Nach über einem Monat Bedenkzeit, den die größte Fraktion im Blumenthaler Beirat gegen den lautstarken Protest aller anderen Fraktionen damals durchgesetzt hatte, waren ihr in der letzten öffentlichen Beiratssitzung am Montag, 23.05.2014, aber anscheinend die Inhalte des Antrags weiter unklar.

Warum all diese Fragen?

Warum denn so ein ausführlicher Antrag der BI mit Fragen zur Durchführung von Evakuierungs-Übungen an der Schule „In den Sandwehen“, wenn das Tanklager doch geschlossen werden soll?
Warum jetzt noch Fragen nach Anwohnerschutz?
Warum wolle man die Behörden mit Dingen aus der Vergangenheit beschäftigen, ja dadurch von ihrer Arbeit abhalten?

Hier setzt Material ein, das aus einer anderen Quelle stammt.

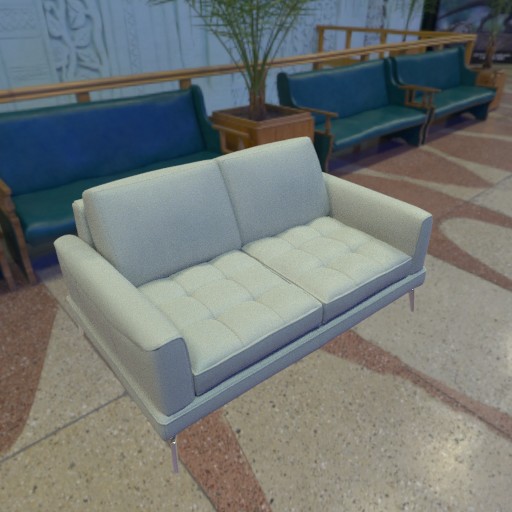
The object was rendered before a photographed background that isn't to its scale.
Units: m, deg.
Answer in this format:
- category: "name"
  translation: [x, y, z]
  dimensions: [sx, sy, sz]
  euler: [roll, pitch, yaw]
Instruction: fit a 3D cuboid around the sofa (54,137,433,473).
- category: "sofa"
  translation: [0.000, 0.000, 2.437]
  dimensions: [1.819, 0.930, 1.121]
  euler: [-22, 37, -33]
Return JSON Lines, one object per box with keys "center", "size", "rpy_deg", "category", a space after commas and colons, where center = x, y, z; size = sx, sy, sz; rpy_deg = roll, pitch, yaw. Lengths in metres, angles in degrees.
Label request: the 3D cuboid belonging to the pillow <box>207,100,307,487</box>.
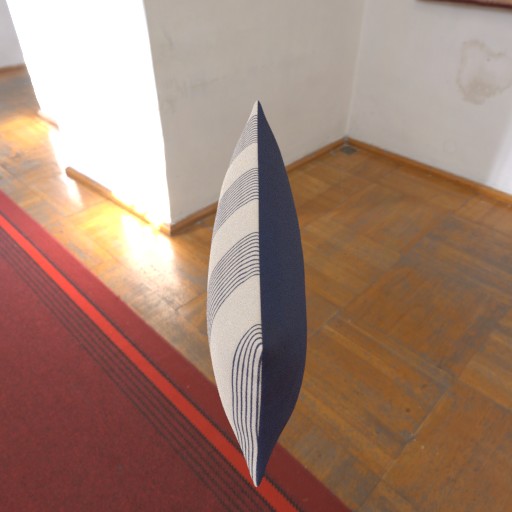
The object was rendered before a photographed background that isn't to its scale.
{"center": [0.000, 0.000, 0.722], "size": [0.151, 0.287, 0.610], "rpy_deg": [0, 40, 0], "category": "pillow"}
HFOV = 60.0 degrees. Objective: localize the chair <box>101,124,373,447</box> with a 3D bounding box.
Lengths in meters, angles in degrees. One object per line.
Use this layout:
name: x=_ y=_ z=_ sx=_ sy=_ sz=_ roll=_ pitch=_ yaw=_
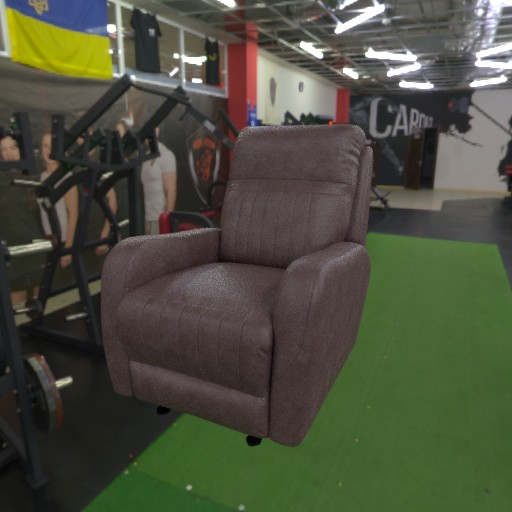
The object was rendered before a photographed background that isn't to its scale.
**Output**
chair: x=0.000 y=0.000 z=1.843 sx=0.865 sy=1.067 sz=1.067 roll=7 pitch=17 yaw=26
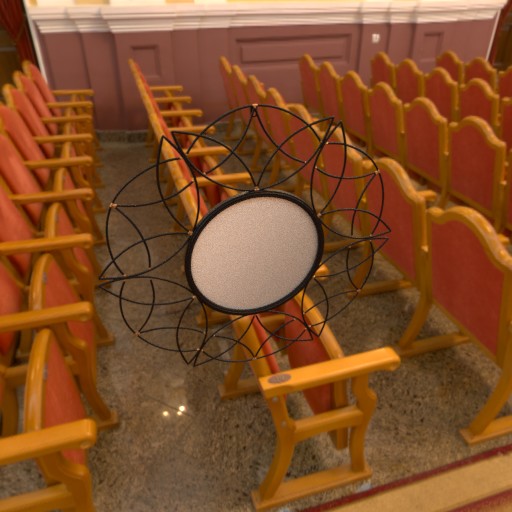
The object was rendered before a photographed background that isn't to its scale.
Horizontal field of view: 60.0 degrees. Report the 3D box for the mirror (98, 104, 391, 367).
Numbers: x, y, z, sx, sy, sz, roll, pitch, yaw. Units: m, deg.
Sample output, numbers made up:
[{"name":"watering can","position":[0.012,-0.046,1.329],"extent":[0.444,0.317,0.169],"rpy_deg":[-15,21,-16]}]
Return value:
[{"name":"mirror","position":[0.000,0.000,1.163],"extent":[0.797,0.775,0.028],"rpy_deg":[-10,34,-14]}]
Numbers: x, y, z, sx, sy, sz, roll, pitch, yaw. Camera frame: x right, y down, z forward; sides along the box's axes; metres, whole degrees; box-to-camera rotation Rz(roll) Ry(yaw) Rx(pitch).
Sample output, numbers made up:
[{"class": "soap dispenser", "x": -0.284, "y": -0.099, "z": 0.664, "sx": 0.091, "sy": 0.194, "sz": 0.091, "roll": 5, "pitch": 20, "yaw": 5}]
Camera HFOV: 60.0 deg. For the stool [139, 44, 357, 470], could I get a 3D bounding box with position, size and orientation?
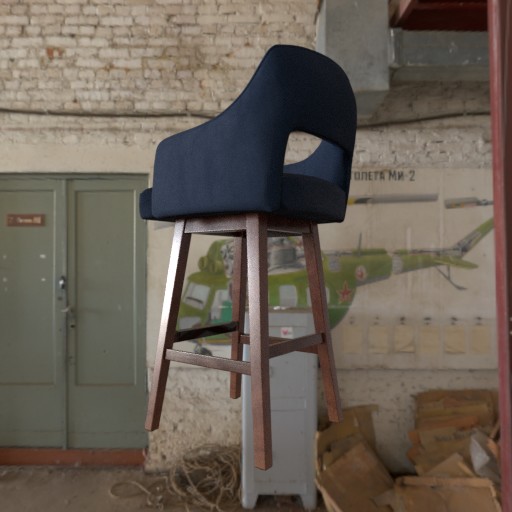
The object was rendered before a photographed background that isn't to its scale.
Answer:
[{"class": "stool", "x": 0.000, "y": 0.000, "z": 1.346, "sx": 0.560, "sy": 1.041, "sz": 0.550, "roll": -1, "pitch": -1, "yaw": 37}]
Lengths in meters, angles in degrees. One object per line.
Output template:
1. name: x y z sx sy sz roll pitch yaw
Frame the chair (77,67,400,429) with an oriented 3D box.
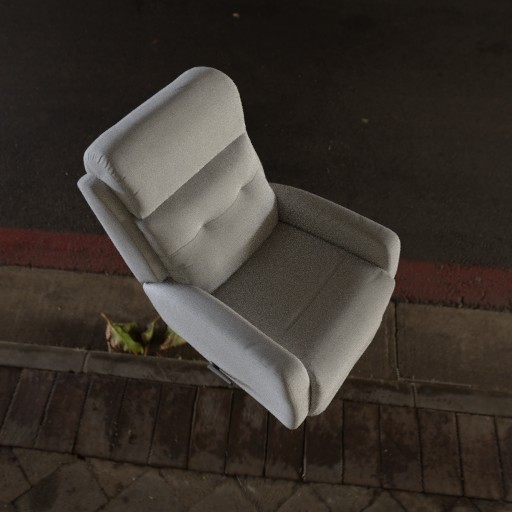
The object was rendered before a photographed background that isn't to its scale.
1. chair: 0.000 0.000 1.717 1.043 1.013 0.798 34 64 19
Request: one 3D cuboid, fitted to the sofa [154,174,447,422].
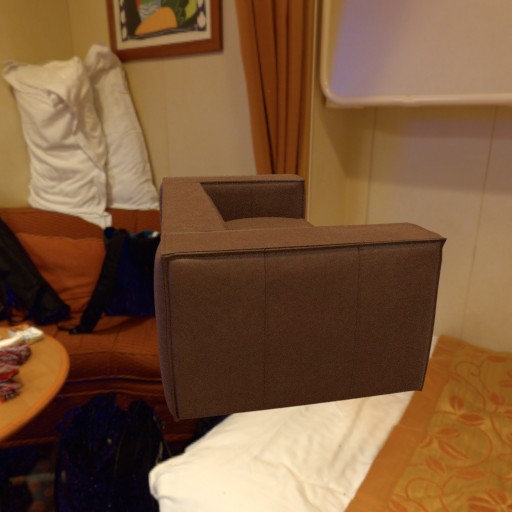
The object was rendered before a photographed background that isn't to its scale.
[{"bbox_3d":[0.000,0.000,2.581,1.102,0.703,2.088,-3,17,-11],"label":"sofa"}]
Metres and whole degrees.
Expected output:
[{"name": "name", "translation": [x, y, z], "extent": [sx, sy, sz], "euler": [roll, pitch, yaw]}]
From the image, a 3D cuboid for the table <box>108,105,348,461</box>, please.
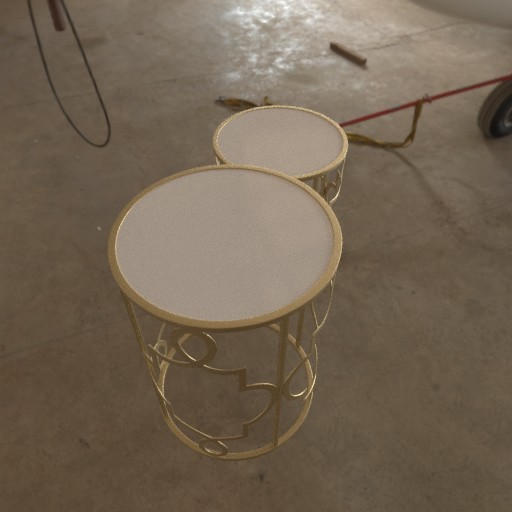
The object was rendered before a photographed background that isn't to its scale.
[{"name": "table", "translation": [0.000, 0.000, 1.154], "extent": [0.420, 0.564, 0.846], "euler": [11, 48, 10]}]
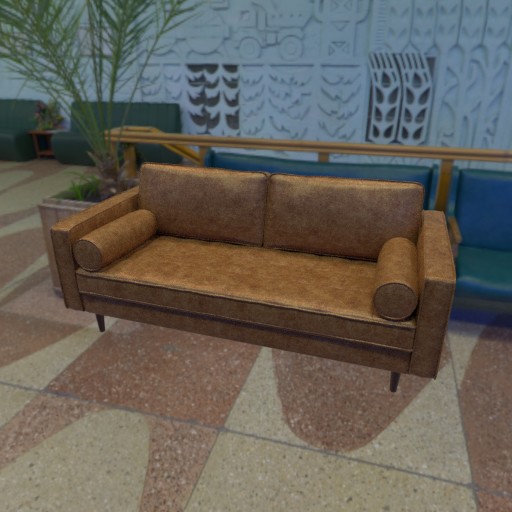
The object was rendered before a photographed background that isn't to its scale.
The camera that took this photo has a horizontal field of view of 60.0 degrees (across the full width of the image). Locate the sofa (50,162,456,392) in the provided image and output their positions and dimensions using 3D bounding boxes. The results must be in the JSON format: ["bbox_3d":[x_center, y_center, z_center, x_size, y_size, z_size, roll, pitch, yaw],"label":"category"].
[{"bbox_3d":[0.000,0.000,2.409,1.920,0.825,0.924,8,25,17],"label":"sofa"}]
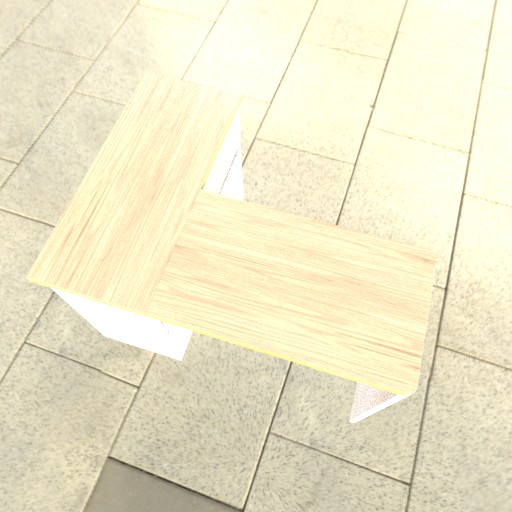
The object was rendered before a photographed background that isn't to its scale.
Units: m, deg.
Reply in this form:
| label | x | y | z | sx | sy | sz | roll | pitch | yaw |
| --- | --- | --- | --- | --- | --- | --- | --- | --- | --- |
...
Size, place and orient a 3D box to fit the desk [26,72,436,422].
| label | x | y | z | sx | sy | sz | roll | pitch | yaw |
| --- | --- | --- | --- | --- | --- | --- | --- | --- | --- |
| desk | 0.000 | 0.000 | 1.784 | 1.170 | 0.760 | 0.900 | 16 | 65 | 7 |
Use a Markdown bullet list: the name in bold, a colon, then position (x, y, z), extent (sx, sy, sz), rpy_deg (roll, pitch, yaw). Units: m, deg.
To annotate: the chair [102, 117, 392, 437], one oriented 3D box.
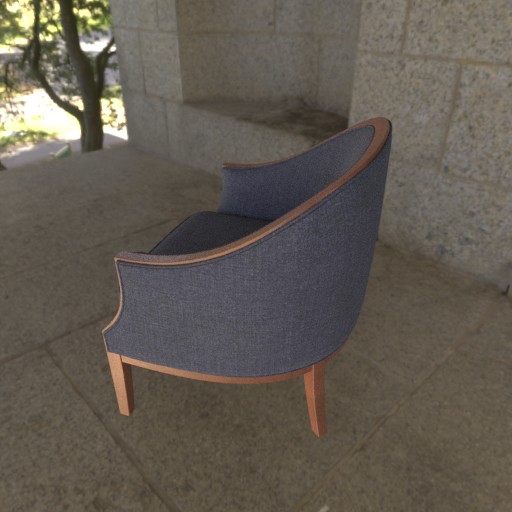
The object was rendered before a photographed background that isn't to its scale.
- **chair**: position (0.000, 0.000, 1.438), extent (0.735, 0.876, 0.803), rpy_deg (9, 31, 15)
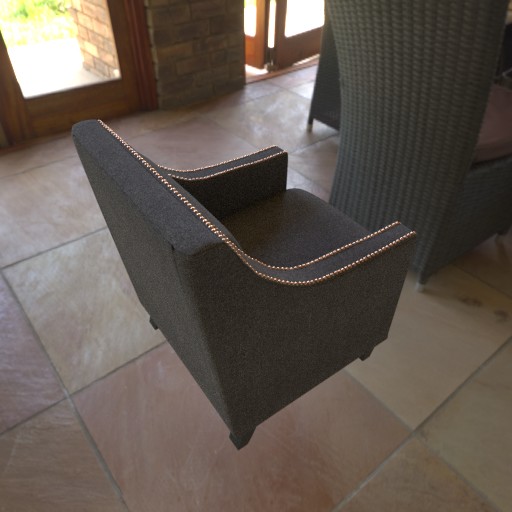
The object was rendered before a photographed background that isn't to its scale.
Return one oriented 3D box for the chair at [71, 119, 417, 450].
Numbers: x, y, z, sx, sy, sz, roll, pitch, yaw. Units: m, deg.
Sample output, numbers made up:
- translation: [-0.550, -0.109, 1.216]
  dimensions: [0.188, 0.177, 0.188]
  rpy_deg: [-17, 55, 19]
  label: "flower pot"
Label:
- translation: [0.000, 0.000, 1.617]
  dimensions: [0.884, 0.967, 0.776]
  rpy_deg: [-25, 47, -26]
  label: "chair"

Im Gegensatz zur Beiratssitzung im Mai wurde diesmal dem Antragsteller das Wort erteilt: das Tanklager sei weiter betriebsbereit und weiter zugelassen, erläuterte Henning Leber, 2. Vorstand des Vereins der BI. Und selbst wenn die Betriebsgenehmigung bereits zurückgegeben worden wäre, könne sie noch für 3 1/2 Jahre, also bis Ende 2017 zur Nutzung wieder aktiviert werden. Eine wirkliche Stilllegung? Bis jetzt noch nicht in Sicht!

Gesundheit und Leben von Schülern auf einer Stufe mit Autolack?

Und weiter wurden Fragen zur Sanierung gestellt – obwohl dies gar nicht Bestandteil des nun 5 Wochen begutachteten Antrags war.

2014-06-25 Zitat der Woche

(Quelle: Das BLV vom 25.06.2014)

Die Überzeugungarbeit von BI und Opposition war mühselig. Nun argumentierte der Fraktionsführer es gebe ja auch noch andere Anlagen in Bremen, die auch der Störfallverordnung unterlägen, genau so gefährlich wären und im Umfeld Schäden verursachten, z.B. das Stahlwerk in Burg-Grambke. Hier wurden durch Emissionen Autolacke bei Anwohnern verunreinigt, argumentierte er.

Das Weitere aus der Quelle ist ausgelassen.